Across the Pacific, cultural beliefs and values may be expressed through rituals, performance and what is worn, temporarily or permanently, on the body.1 Body adornment encompasses a diverse range of objects, from scarification and tatau (tattoo) to complex headdresses and necklaces. It can be used to decorate the body, to communicate information about the wearer and to symbolise status, wealth or identity for particular individuals or on specific occasions.

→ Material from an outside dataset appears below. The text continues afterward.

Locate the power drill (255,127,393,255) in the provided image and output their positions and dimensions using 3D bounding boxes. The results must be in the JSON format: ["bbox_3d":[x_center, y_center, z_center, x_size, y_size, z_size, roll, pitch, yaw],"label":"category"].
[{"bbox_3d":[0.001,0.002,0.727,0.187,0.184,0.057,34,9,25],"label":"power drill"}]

Dear Culture Vulture is part of a series of the same name that addresses the scholarship of Māori and Pacific art by non-indigenous art historians. The series uses adornment as a communicative medium to respond to the critical value placed on the appropriation of cultural motifs. Each artwork reinterprets specific forms of adornment, including breastplates, which project a sense of protection and security, and garlands, which are gifted and worn at celebrations.2 In this case, a reworked garland of bloody red skulls delivers a powerful warning.
The artists consider Dear Culture Vulture an open letter:

[addressing] art historians who say Māori and Pacific cultural art forms are primitive, then call the same art forms sophisticated when Pākehā artists reproduce them: I see you. Stop it. This is a plastic pre-apocalyptic warning sign to Māori and Oceanic artists: Beware, _______, and _______, and _______, and _______. (Each skull is named after a particular art historian.) Dear Culture Vulture, this is a shark in your university office aquarium.

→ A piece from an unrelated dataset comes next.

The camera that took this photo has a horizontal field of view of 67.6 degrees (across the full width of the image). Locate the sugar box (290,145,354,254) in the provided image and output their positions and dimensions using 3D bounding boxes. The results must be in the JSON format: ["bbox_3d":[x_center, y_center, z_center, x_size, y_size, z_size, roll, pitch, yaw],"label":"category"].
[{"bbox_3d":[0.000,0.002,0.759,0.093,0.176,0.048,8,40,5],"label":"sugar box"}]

As well as speaking pointedly to unnamed art historians, the artwork also addresses the general legacy of terms such as ‘primitivism’ which have historically been used to separate the supposed ‘high’ art of the West from non-Western art forms.3 As the artists imply, the use of terms like these has also encouraged acts of cultural appropriation by non-indigenous artists.

Nina Tonga

1 Pandora Fulimalo Pereira, ‘Identities adorned’, in Pandora Fulimalo Pereira and Sean Mallon (eds), Pacific art Niu Sila: The Pacific dimension of contemporary New Zealand arts, Te Papa Press, Wellington, 2004, p. 39.

2 Luisa Tora, ‘Te Moana a nui a Kiwa: A sōlevu’, Garland, https://garlandmag.com/article/te-moana-nui-a-kiwa/#molly (accessed 19 January 2018).

3 Lucy Lippard, Mixed blessings: New art in a multicultural America, New York Press, New York, 1990, pp. 24–5.